Showing posts with label literature. Show all posts
Showing posts with label literature. Show all posts

Friday, January 03, 2025

Nice Work

"He graduated with a first from University College London before entering national service for two years. 'After about three weeks of basic training… I was quite sure that I wanted to go back to the academic life,' he said."

Ella Creamer at The Guardian writes an obit for author David Lodge.

Wednesday, December 04, 2024

"Using Art to Explain Cultural History, Rather Than the Other Way Around"

"Wonderful art objects get demoted to the status of illustrations. Both exhibitions are a big jumble of things brought to bear on cultural history, a subject better handled through texts. That's what illustrations are for--as adjuncts to writing.
"And, yes, both shows tuck some contemporary works into their historical displays, downgrading them as well. The artists will survive, and who can blame them for taking the opportunity? But it's a waste."

Christopher Knight at the Los Angeles Times reviews exhibits at the Getty Museum and the Los Angeles County Museum of Art.

At The Reading Experience, Daniel Green offers a similar view regarding literature.

Friday, June 17, 2022

"Eternal Exposure Is the Price of Enlightenment"

"And then there's the ever-present question conveniently ignored by anti-free-speech academics: Who is on the committee that decides what new speech restrictions to impose and how to define them? Do we trust the same Republican state legislatures or local school boards that are already banning books and prohibiting the teaching of The 1619 Project and critical race theory? It's one thing to write law review articles and books urging new limitations on offensive and hateful speech. It's a far different matter to empower government authorities at federal, state, and local levels, with civil, criminal, and administrative enforcement powers, or college administrators (with or without faculty input) with the power to grant, deny, or revoke tenure, to decide what ideas can be spoken, written, or taught."
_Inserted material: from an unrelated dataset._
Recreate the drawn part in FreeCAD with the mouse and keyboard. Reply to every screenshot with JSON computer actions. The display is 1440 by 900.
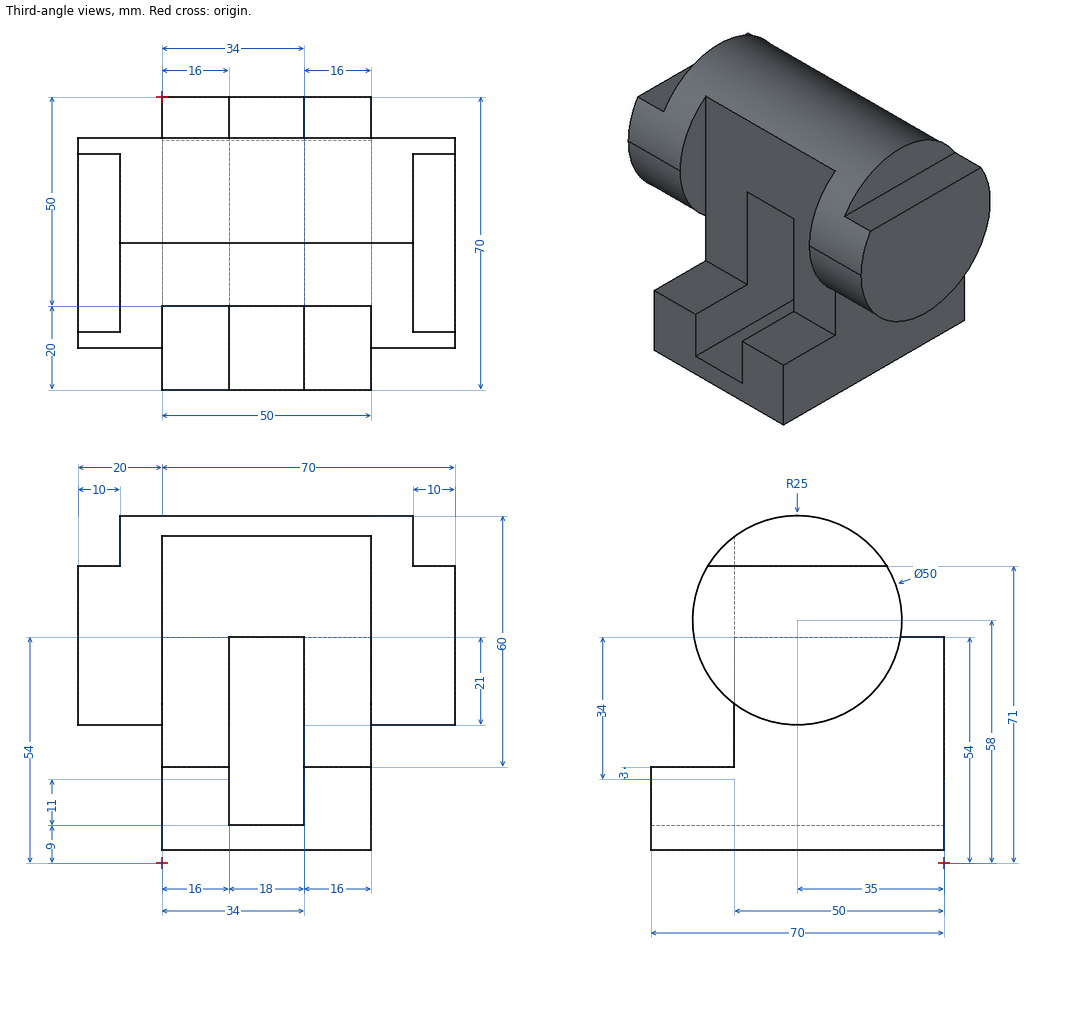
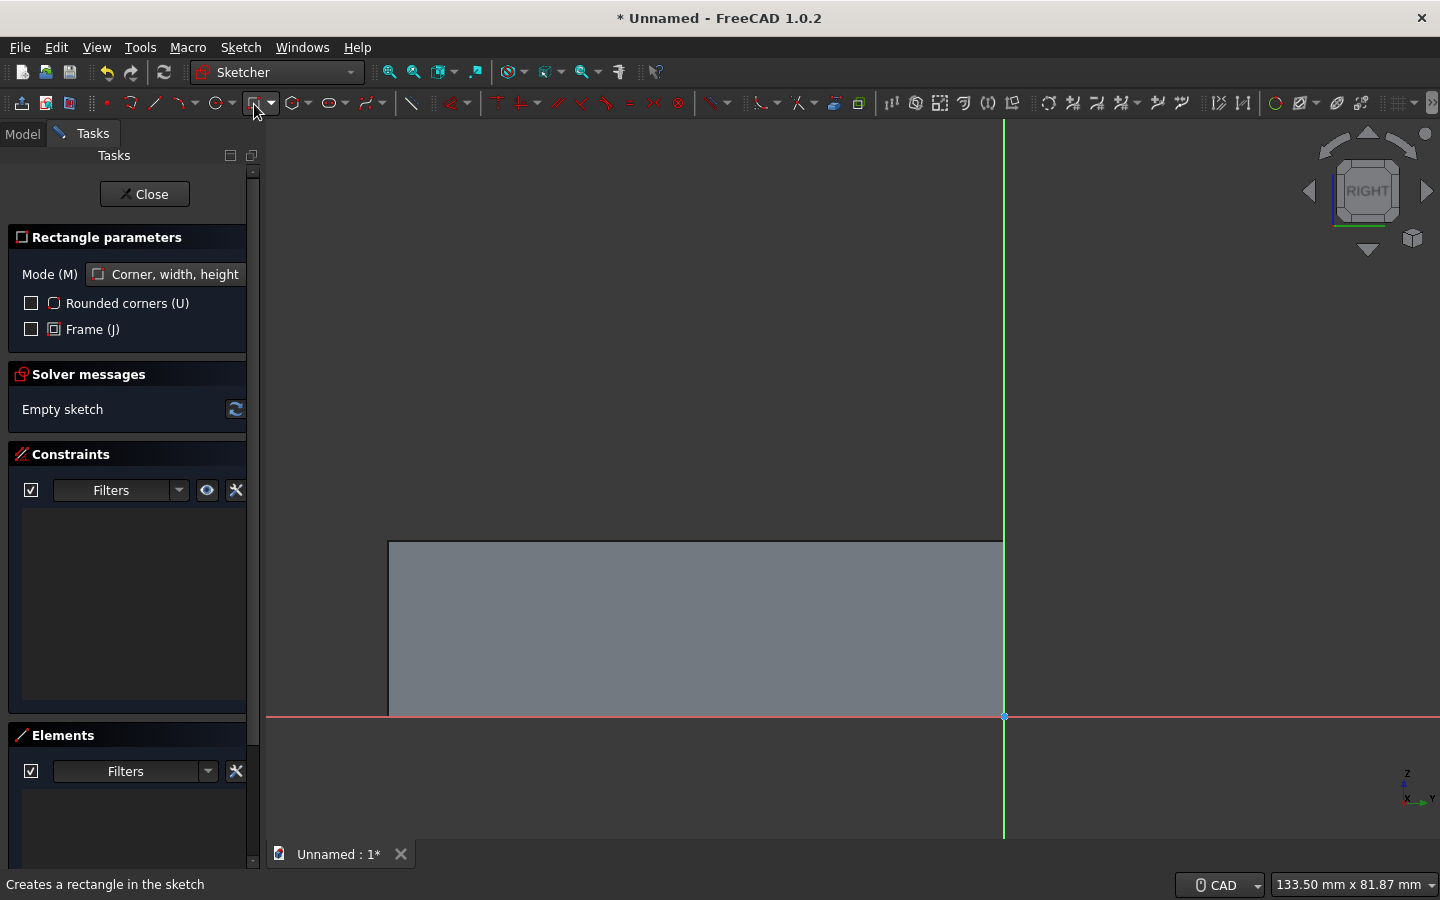
{"action": "left_click", "coordinate": [564, 242]}
{"action": "left_click", "coordinate": [1004, 541]}
{"action": "key", "text": "Escape"}

Stephen Rohde at the Los Angeles Review of Books reviews Robert Corn-Revere's The Mind of the Censor and the Eye of the Beholder.

Monday, July 05, 2021

"A Matter of Substance, but Also Style"

"In less apocalyptic terms, French philosophical rationalism has also been charged with creating a nation of individualists, with a crippling fetish for skepticism, and for challenging authority in all its forms. This trait has been deemed to have negative consequences of both a practical and theoretical nature. In the latter case, it has fostered a tradition of theoretical extremism (most vividly reflected in the vibrant radical movements in France both on the right and the left). It has hindered the emergence of a gradualist epistemological tradition of acquiring knowledge through a process of accumulation. And in practical matters, this French individualism has encouraged a cult of singularity and a resistance to state power: President Charles de Gaulle (himself one of France's great individualists) gave voice to this concern when he once wondered whether it was possible to govern a country that produced 246 varieties of cheese."
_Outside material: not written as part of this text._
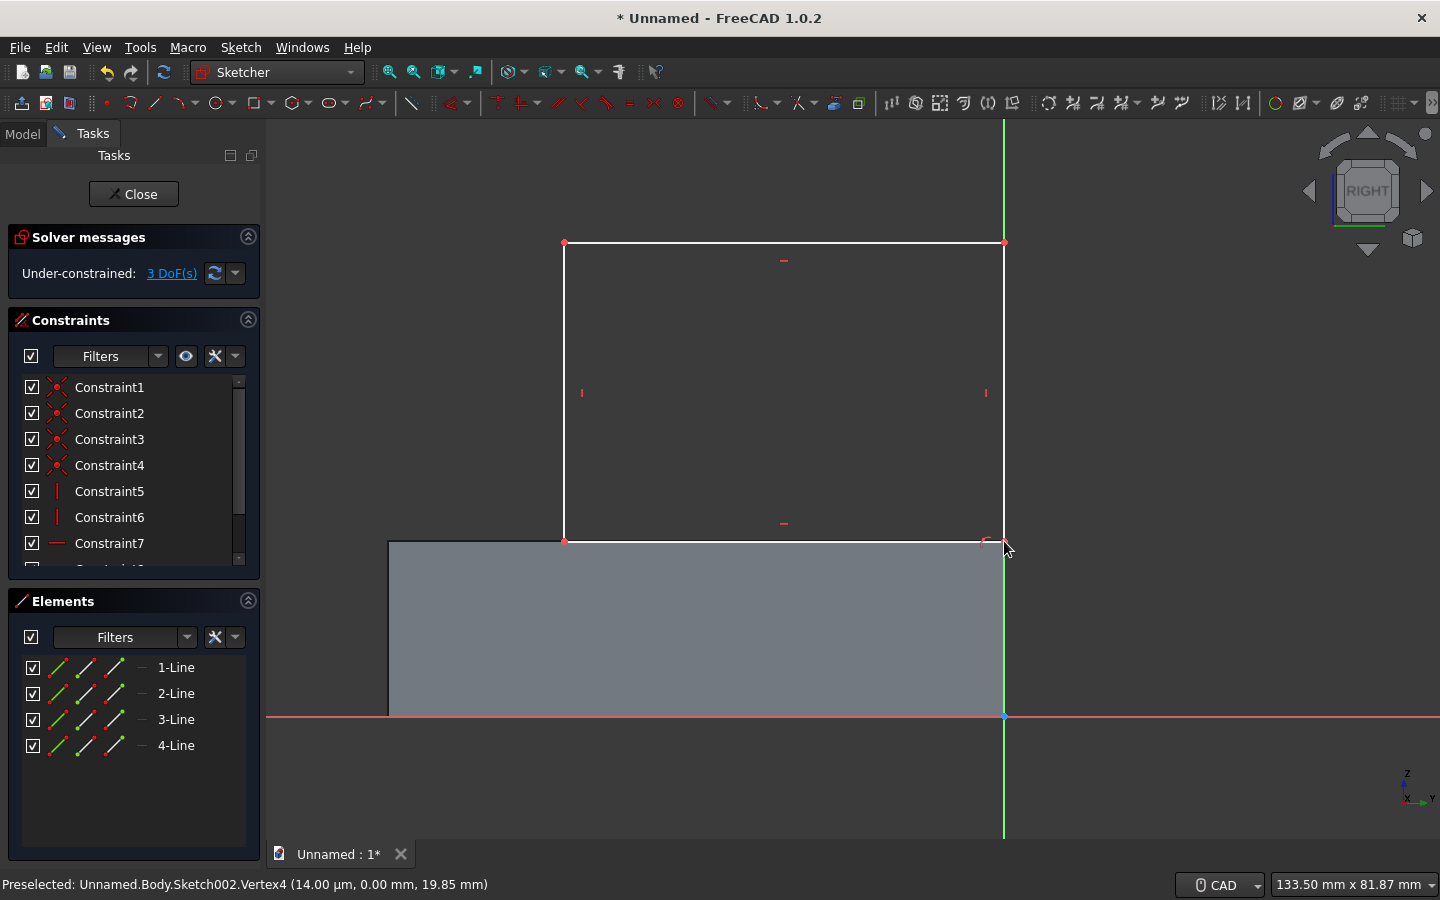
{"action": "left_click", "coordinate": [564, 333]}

In a 2015 Aeon article, Sudhir Hazareesingh considers "How the French Think."

Friday, June 11, 2021

"When Theory Killed Literary Truth, It Doomed the Discipline"

"Fifty years ago, a university couldn't call itself 'Tier One' unless it had a renowned English department. No more: Abysmal enrollment numbers in the humanities at such universities prove the irrelevance of literary study. My colleagues around the country bemoan the decline, but they blame the wrong things. English did not fall because a bunch of conservatives trashed the humanities as a den of political correctness. It didn't fall because it lost funding or because business leaders promoted STEM fields. It fell because the dominant schools of thought stopped speaking about the truth of literature. Once the professors could no longer insist, 'You absolutely must read Dryden, Pope, and Swift—they are the essence of wit and discernment'; when they lost the confidence to say that nothing reveals the social complexity of the colonial situation better than Nostromo; if they couldn't assure anyone that Hawthorne's sentences showed the American language in its most exquisite form, they lost the competition for majors. Students stopped caring about literature because the professors stopped believing in its promises of revelation and delight."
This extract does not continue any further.